Mercer’s Musings #4: Factors to Consider in Valuing Partial Ownership Interests

My current series of blog posts is titled “Mercer’s Musings.”  In the first three “musings,” I addressed USPAP and the Internal Revenue Service and concluded that the answer to the question of whether to comply with USPAP is “Why not?”  And the answer holds regardless of any certifications appraisers might hold.

The second and third musings address the issue of marketability discounts and conclude that it is not possible to comply with any valuation standards, whether USPAP or not, using only averages of restricted stock studies as a basis for “guessing” marketability discounts.  The third musing illustrates the depth of analysis necessary to reasonably address the complexities and nuances in valuing illiquid minority interests of private companies.  The first three musings are linked here for ease of reference.

This fourth musing examines the guidance found in “Procedural Guideline -2 (PG – 2) Valuation of Partial Ownership Interests” in the ASA Business Valuation Standards.  Procedural Guidelines (PG) are designed to provide more detailed guidance for consideration by business appraisers than found in the base standards themselves.  Procedural Guidelines are not binding, but they are instructive of the degree of analysis that might be considered.

PG – 2 Valuation of Partial Ownership Interests

Mercer’s Musings #4 will now address a portion of PG-2: Valuation of Partial Ownership Interests.  The first section of PG-2 is its “Preamble,” which provides an overview of the intent of the guideline.  The second section is called “General Principles,” where readers find a discussion of the concept of partial ownership interests, the wide range of possibilities that are raised when such interests, and guidance regarding the differences between valuing businesses versus interests in them.

This post addresses the lengthy third section of PG-2, which is called “Factors to consider.”  The hypothetical valuation presented in Mercer’s Musings #2 and “solved” in Mercer’s Musings #3 considered a significant number of factors in developing marketability discounts for two dissimilar, 10% interests in two identical companies.  We now turn to PG-2 to provide an outline of the wide range of considerations that should be in appraisers’ minds with they begin to value partial ownership interests.

We begin with a quote from the beginning of Section III.  My comments are provided in red.

III. Factors to consider

A number of factors may be appropriate to consider in valuing partial ownership interests. The
following list is not intended to be all-inclusive. Items on the list may or may not be applicable in
specific valuation situations.

A. The purpose and definition of the valuation engagement in accordance with BVS–I General
Requirements for Developing a Business Valuation, including the applicable standard (type) and
premise of value.

B. Factors related to the underlying enterprise or asset, including:

1. The value of the underlying enterprise or asset, if applicable.
2. Enterprise-level or asset-level tax effects, if relevant.

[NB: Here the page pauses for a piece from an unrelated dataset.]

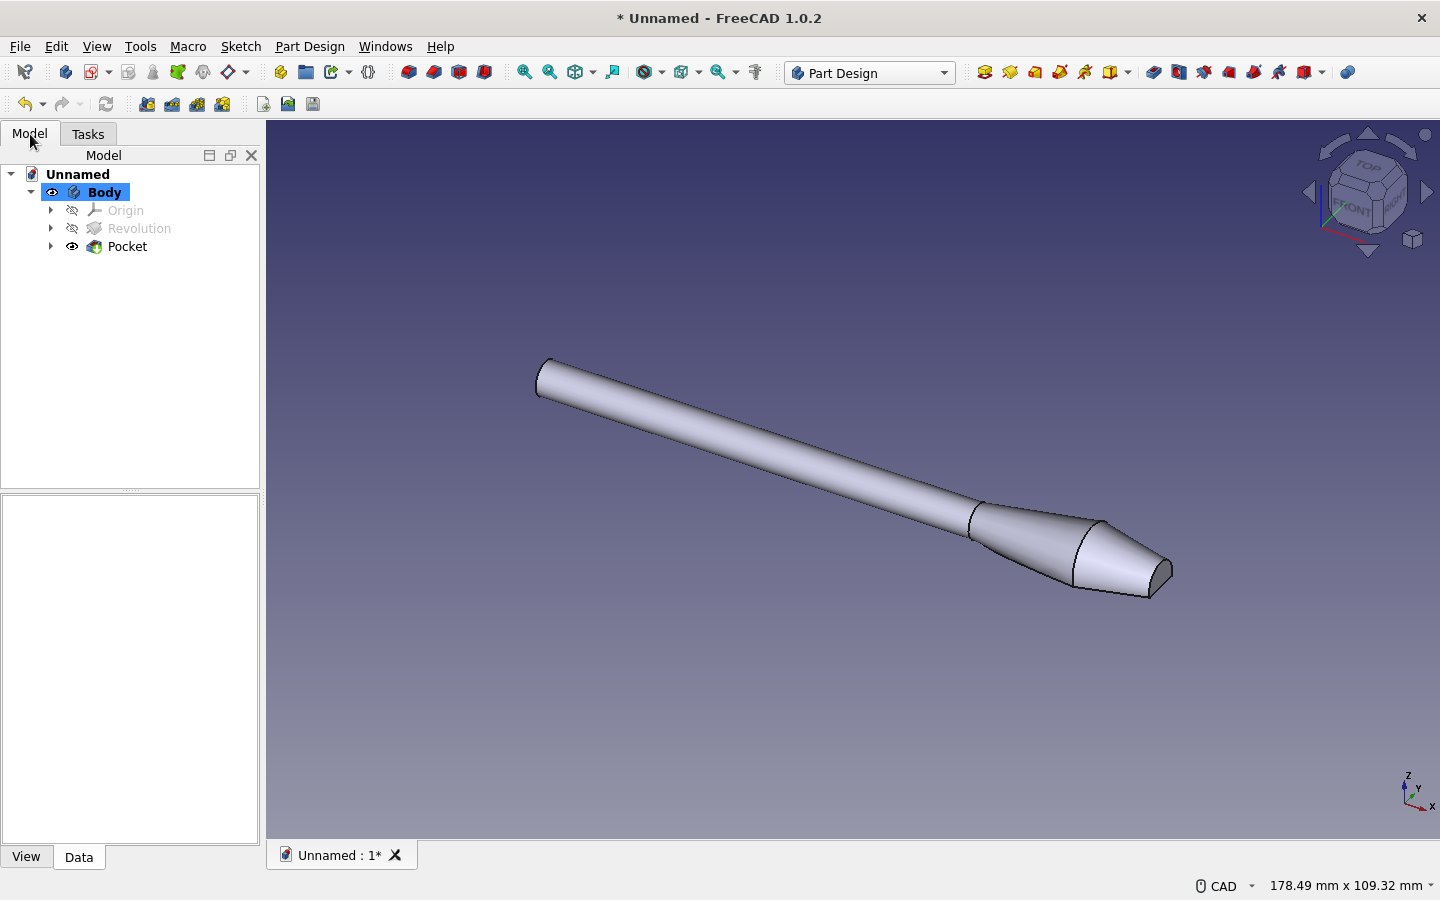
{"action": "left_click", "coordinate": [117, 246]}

Every appraisal must have a stated purpose and definition of the valuation (i.e., the standard of value).  The beginning point of the valuation of a partial ownership interest is almost always the value of the underlying business or asset.  This is the “base value” that has been addressed in a number of posts on this blog.  The guideline also suggests that enterprise- or asset-level tax effects might need to be considered.

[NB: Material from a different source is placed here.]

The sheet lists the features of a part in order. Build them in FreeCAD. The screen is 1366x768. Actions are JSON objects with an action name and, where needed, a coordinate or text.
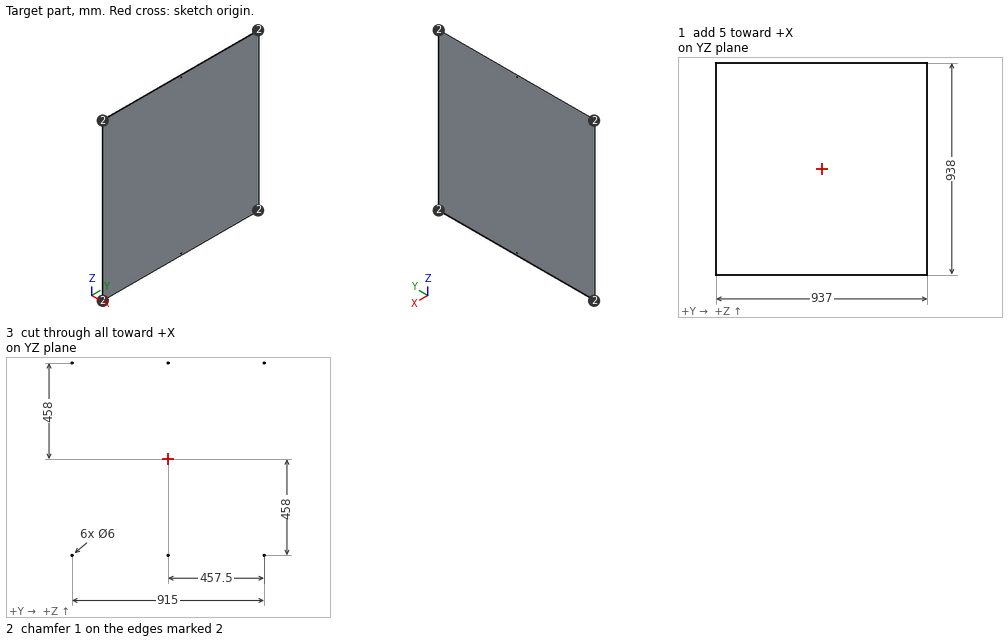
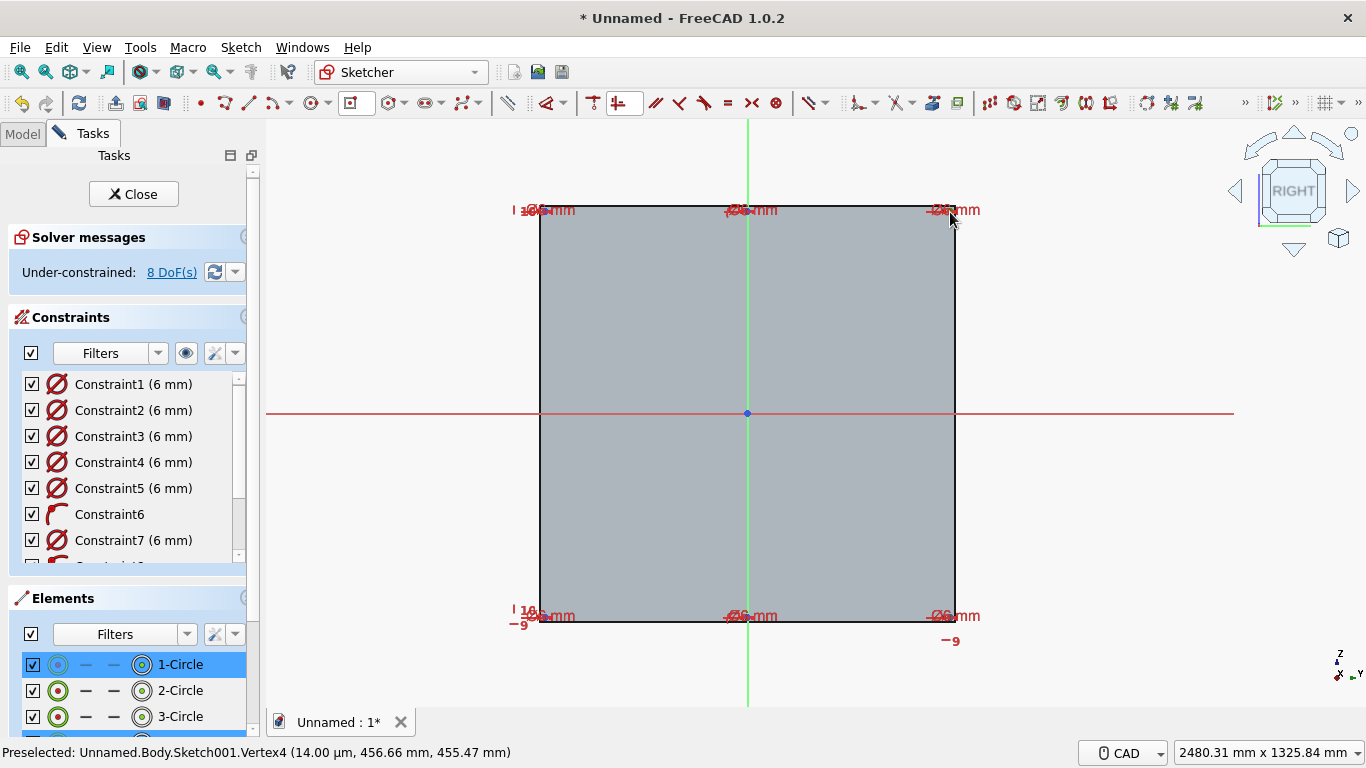
{"action": "key", "text": "v"}

C. Factors related to the subject partial interest, including:

1. Provisions in the organizational and governance documents that affect the rights,
restrictions, marketability and liquidity of the subject interest. Documents to consider may
include partnership agreements, articles of incorporation, bylaws, operating agreements,
buy-sell agreements, investment letter stock restrictions, option agreements, lock-up
requirements or others that may be relevant.

Analogous to Standards Rule 9(4), of the Uniform Standards of Professional Appraisal Practice, appraisers are instructed to examine the underlying corporate documents that might increase or decrease the risks of holding minority interests in businesses. 

C2. Applicable laws and regulations. Business examples include statutory rights to demand
dissolution of a corporation under state law, restrictions on transfer pursuant to SEC Rule
144, and many others. An asset example is included the right to partition.

C3. The existing ownership structure and configuration.

C4. Access to, availability of, and reliability of information regarding the underlying asset or
entity.

C5. The relevant pool of potential buyers, if any.

C6. Market data on transactions in similar markets, if any. Potentially similar markets might
include private placements in publicly or privately syndicated entities (including restricted
stock transactions, pre-IPO transactions, and transactions in publicly traded limited
partnerships) or tenants-in-common arrangements, etc.

Paragraphs C2 through C6 should be familiar to most business appraisers.  We must take applicable laws and regulations into account.  It is fairly standard to consider the ownership structure and configuration and influence that management might have on the value of illiquid minority interests.  The question is: How can appraisers do that?  Purely qualitative analysis seems to fall short. 

Access to reliable information is certainly an important factor since investors desire to know the factual backgrounds of their investments.

The relevant pool of hypothetical buyers is also important.  For example, if an interest has a value of $100 thousand, there may be a considerable number of potential investors.  If the interest has a value of $10 million, the pool of buyers would likely be both limited and sophisticated.  These are important considerations.

And certainly, it is important to examine relevant transactions in interests similar to a subject interest or in the interest itself.  Valuation inferences can sometimes be made from knowledge of past transactions. 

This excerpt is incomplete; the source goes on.